Jermaine Ashley Clifton Palmer (born 28 August 1986) is an English former professional footballer who played as a striker.

He played professionally for Stoke City, Grimsby Town and Icelandic side Vikingur, with loan stints at York City, Scarborough and Alfreton Town. Between 2006 and 2018, Palmer was a non-league journeyman who played for Grantham Town, Hinckley United, Halesowen Town, Corby Town, Holbeach United, Quorn, Weymouth, Boston Town, Ilkeston Town, Long Eaton United, Holbrook Sports and Kimberley Miners Welfare.

==Career==
Palmer was born in Derby and progressed through the academy at Stoke City, signing a professional contract in the summer of 2003. He made three substitute appearances for Stoke in 2003–04 and was loaned out to Icelandic club Víkingur where he scored three goals in eight matches in the summer of 2004. On his return to England, Palmer found himself loaned out again, this time spending time with Hinckley United. He made one appearance for Stoke in 2004–05 coming on as a sub in a 1–0 defeat at home to Sunderland.

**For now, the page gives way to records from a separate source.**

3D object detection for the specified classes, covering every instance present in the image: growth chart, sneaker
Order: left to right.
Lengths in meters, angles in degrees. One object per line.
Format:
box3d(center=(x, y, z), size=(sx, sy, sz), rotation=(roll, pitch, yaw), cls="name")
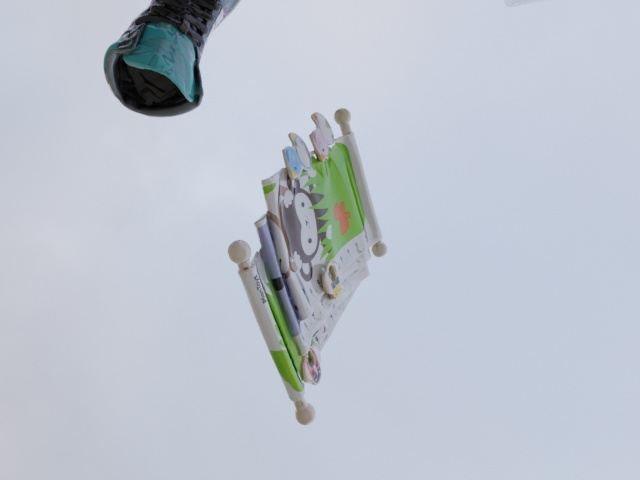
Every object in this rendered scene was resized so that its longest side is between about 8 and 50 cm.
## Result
box3d(center=(-0.170, -0.260, 0.690), size=(0.124, 0.178, 0.295), rotation=(24, -51, -30), cls="sneaker")
box3d(center=(0.000, 0.000, 0.461), size=(0.021, 0.237, 0.171), rotation=(-6, -60, 29), cls="growth chart")

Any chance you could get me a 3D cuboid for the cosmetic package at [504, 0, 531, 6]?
box3d(center=(0.236, -0.390, 0.437), size=(0.197, 0.155, 0.365), rotation=(-6, -71, 13), cls="cosmetic package")

He then joined Grimsby Town on trial and Mariners manager Russell Slade took a closer look at him as he participated in the club's reserve cup quarter final tie with Manchester United. Palmer returned to Stoke, but was the first new signing at Grimsby Town for the new 2005–06 season.

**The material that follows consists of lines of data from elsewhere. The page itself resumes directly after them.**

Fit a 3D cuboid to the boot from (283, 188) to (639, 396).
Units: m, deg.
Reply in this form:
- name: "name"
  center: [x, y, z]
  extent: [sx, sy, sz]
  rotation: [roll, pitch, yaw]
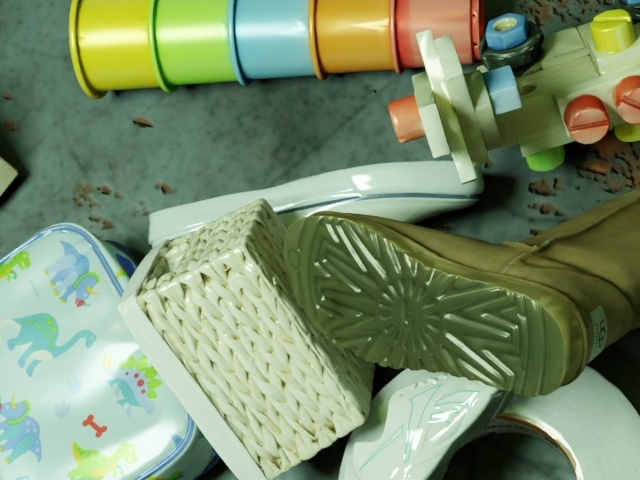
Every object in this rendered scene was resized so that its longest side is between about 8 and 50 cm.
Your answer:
- name: "boot"
  center: [0.145, 0.014, 0.952]
  extent: [0.236, 0.269, 0.089]
  rotation: [23, 119, 36]

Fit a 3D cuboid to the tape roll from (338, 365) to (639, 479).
- name: "tape roll"
  center: [0.124, 0.180, 0.981]
  extent: [0.219, 0.072, 0.219]
  rotation: [-4, 73, 13]

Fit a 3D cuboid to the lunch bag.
- name: "lunch bag"
  center: [-0.179, 0.108, 1.063]
  extent: [0.176, 0.090, 0.219]
  rotation: [-38, 67, 6]

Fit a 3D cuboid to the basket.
- name: "basket"
  center: [-0.044, 0.068, 0.990]
  extent: [0.103, 0.113, 0.167]
  rotation: [-29, 105, 15]

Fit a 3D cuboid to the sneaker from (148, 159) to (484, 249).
- name: "sneaker"
  center: [0.000, 0.000, 1.068]
  extent: [0.258, 0.094, 0.091]
  rotation: [-12, 86, 16]

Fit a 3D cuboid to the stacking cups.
- name: "stacking cups"
  center: [-0.033, -0.165, 1.112]
  extent: [0.316, 0.096, 0.096]
  rotation: [-2, 73, 13]

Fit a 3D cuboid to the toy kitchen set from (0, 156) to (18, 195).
- name: "toy kitchen set"
  center: [-0.385, -0.062, 1.176]
  extent: [0.207, 0.122, 0.166]
  rotation: [34, 83, 41]

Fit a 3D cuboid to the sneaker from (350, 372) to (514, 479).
- name: "sneaker"
  center: [0.080, 0.110, 0.946]
  extent: [0.061, 0.053, 0.152]
  rotation: [42, 87, 24]

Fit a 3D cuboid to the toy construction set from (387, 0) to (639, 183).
- name: "toy construction set"
  center: [0.206, -0.100, 0.976]
  extent: [0.328, 0.151, 0.215]
  rotation: [-5, 35, -1]

Despite being the first signing of the season, and initially presented as a first team player, Palmer found his path to winning a place in the team permanently blocked, and he found himself playing second fiddle to the likes of fellow forwards Michael Reddy, Gary Jones and Martin Gritton. Grimsby even opted to loan in another striker, Calvin Andrew from Luton Town as attacking cover. With this in mind, almost straight into the new season Palmer was placed up for loan, and subsequently joined Scarborough for an initial one-month period to gain experience and maintain fitness. Following the conclusion of his month with The Seadogs, Palmer returned to Grimsby only to be loaned straight back out to York City and then later in the season he spent a month with Alfreton Town

His only senior appearance for Grimsby came in the Football League Trophy clash with Morecambe in which Palmer replaced Simon Francis in the 87th minute of play. The game went on to extra time, with Morecambe winning on a penalty shootout. This would be the only time Jermaine would appear on the Grimsby team sheet and after seeing the rest of the season out in the reserves he was released from his contract at the end of the 2005–06 season. Since leaving the club, Palmer went on to move into the English non-league game, featuring for Worksop Town, Grantham Town, Hinckley United and Halesowen Town initially before joining Corby Town in December 2008. In March 2009 he moved to cash strapped Weymouth, where he played out the remaining Conference season with the club. In April 2009 due to the club being relegated to the Conference South he left the club. He eventually signed for Boston Town at the start of the 2009–10 season.

==Personal life==
Since leaving professional football in 2006, Palmer has held down many jobs, most notably a postman for Royal Mail, a delivery driver, youth worker and for companies Alstom and Bombardier. He also spent a spell as a youth team coach at Derby County.

==Career statistics==
Source:

| Club | Season | League |  |  | FA Cup |  | League Cup |  | Other^{[A]} |  | Total |  |
| Division | Apps | Goals | Apps | Goals | Apps | Goals | Apps | Goals | Apps | Goals |
| Stoke City | 2003–04 | First Division | 3 | 0 | 0 | 0 | 0 | 0 | 0 | 0 | 3 | 0 |
| 2004–05 | Championship | 1 | 0 | 0 | 0 | 0 | 0 | 0 | 0 | 1 | 0 |
| Grimsby Town | 2005–06 | League Two | 0 | 0 | 0 | 0 | 0 | 0 | 1 | 0 | 1 | 0 |
| Career Total |  |  | 4 | 0 | 0 | 0 | 0 | 0 | 1 | 0 | 5 | 0 |

A. The "Other" column constitutes appearances and goals in the Football League Trophy.